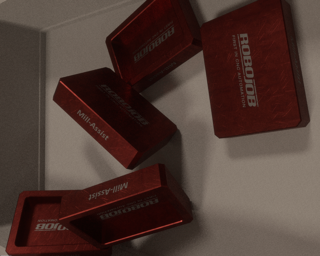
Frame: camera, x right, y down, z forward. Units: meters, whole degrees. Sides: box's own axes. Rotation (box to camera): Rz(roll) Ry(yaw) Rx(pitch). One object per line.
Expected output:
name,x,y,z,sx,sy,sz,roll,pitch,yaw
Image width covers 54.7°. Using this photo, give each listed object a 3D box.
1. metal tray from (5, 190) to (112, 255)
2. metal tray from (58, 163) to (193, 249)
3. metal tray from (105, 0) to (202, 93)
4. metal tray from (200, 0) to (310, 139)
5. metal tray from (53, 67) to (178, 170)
metal tray,-0.132,0.133,0.430,0.030,0.131,0.090,99,168,-48
metal tray,-0.038,0.096,0.362,0.130,0.090,0.030,-21,44,12
metal tray,-0.011,-0.113,0.410,0.130,0.030,0.090,-29,72,35
metal tray,0.095,-0.059,0.324,0.090,0.030,0.129,-12,83,39
metal tray,-0.052,-0.018,0.379,0.130,0.091,0.030,41,124,11
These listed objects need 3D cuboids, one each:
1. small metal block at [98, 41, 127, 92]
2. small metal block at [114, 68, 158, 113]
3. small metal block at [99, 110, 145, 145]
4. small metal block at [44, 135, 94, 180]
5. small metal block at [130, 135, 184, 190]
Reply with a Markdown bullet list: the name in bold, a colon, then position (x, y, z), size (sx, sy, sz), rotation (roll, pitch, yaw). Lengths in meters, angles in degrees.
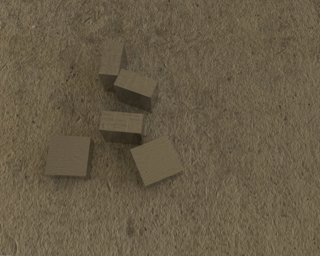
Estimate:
- **small metal block**: position (-0.063, -0.082, 0.424), size (0.025, 0.050, 0.050), rotation (6, 70, 2)
- **small metal block**: position (-0.030, -0.048, 0.412), size (0.050, 0.050, 0.025), rotation (20, 72, 7)
- **small metal block**: position (-0.046, 0.001, 0.394), size (0.050, 0.050, 0.025), rotation (5, 70, 2)
- **small metal block**: position (-0.113, 0.038, 0.393), size (0.050, 0.025, 0.050), rotation (2, 70, 0)
- **small metal block**: position (-0.004, 0.043, 0.392), size (0.050, 0.025, 0.050), rotation (-22, 72, -8)
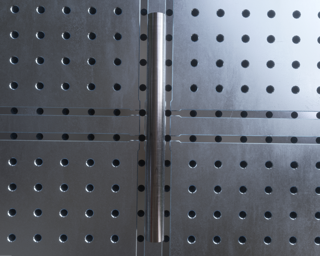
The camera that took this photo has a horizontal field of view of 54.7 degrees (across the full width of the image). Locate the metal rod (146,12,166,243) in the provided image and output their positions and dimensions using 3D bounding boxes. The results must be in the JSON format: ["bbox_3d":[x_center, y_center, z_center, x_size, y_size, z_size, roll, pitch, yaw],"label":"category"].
[{"bbox_3d":[-0.006,-0.001,0.413,0.025,0.025,0.298,0,90,-1],"label":"metal rod"}]
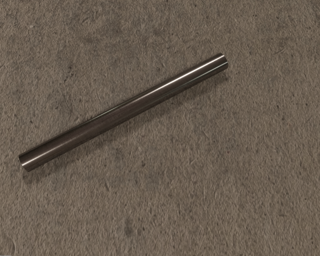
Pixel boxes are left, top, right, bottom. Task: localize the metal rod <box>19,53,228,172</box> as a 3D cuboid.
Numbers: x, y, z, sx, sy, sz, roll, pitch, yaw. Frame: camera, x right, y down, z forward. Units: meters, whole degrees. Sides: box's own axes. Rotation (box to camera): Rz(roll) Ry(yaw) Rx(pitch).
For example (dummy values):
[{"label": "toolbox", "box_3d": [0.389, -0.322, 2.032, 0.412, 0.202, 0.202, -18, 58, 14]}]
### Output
[{"label": "metal rod", "box_3d": [-0.040, -0.026, 0.416, 0.302, 0.025, 0.025, -28, 73, -10]}]
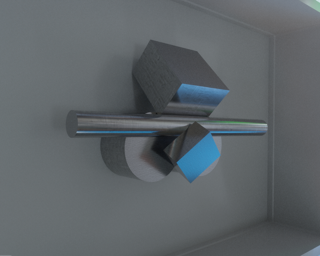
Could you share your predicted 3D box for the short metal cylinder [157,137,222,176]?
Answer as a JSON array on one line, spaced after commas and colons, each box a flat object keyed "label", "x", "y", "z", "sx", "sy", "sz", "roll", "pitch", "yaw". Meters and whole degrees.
[{"label": "short metal cylinder", "x": 0.039, "y": 0.023, "z": 0.424, "sx": 0.081, "sy": 0.050, "sz": 0.079, "roll": 0, "pitch": 90, "yaw": -40}]

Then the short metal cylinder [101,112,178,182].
[{"label": "short metal cylinder", "x": -0.023, "y": 0.021, "z": 0.372, "sx": 0.081, "sy": 0.050, "sz": 0.079, "roll": 0, "pitch": 90, "yaw": -40}]

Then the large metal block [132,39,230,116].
[{"label": "large metal block", "x": 0.025, "y": -0.058, "z": 0.384, "sx": 0.081, "sy": 0.050, "sz": 0.080, "roll": 1, "pitch": 46, "yaw": -40}]

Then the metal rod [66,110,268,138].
[{"label": "metal rod", "x": 0.037, "y": -0.002, "z": 0.373, "sx": 0.302, "sy": 0.025, "sz": 0.025, "roll": 1, "pitch": 90, "yaw": -40}]

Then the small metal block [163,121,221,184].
[{"label": "small metal block", "x": 0.038, "y": 0.029, "z": 0.360, "sx": 0.050, "sy": 0.025, "sz": 0.050, "roll": -42, "pitch": 137, "yaw": -9}]
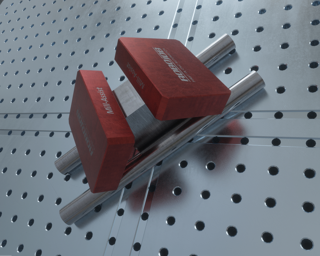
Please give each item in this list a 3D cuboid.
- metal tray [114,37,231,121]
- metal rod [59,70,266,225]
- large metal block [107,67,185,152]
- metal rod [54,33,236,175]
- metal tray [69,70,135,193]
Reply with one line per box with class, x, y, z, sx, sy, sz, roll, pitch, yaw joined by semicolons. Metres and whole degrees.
metal tray;0.011;-0.064;0.370;0.091;0.030;0.130;-7;44;-30
metal rod;0.000;0.027;0.391;0.300;0.025;0.025;-36;51;4
large metal block;-0.016;-0.021;0.392;0.080;0.080;0.050;-36;51;4
metal rod;-0.023;-0.032;0.438;0.300;0.025;0.025;-37;51;3
metal tray;-0.077;0.001;0.377;0.130;0.030;0.089;60;140;38
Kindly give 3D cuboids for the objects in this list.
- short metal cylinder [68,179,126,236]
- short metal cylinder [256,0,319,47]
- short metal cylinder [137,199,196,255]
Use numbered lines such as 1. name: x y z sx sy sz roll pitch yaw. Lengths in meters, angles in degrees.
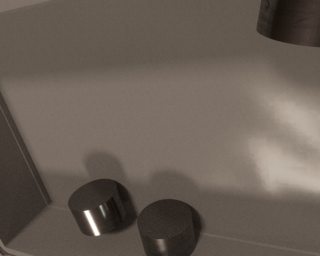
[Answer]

=======

YOUR ASSIGNMENT: Lines of the material that hold the word "Lengths" should be counted, and the number alone given.

RESPONSE BELOW: 2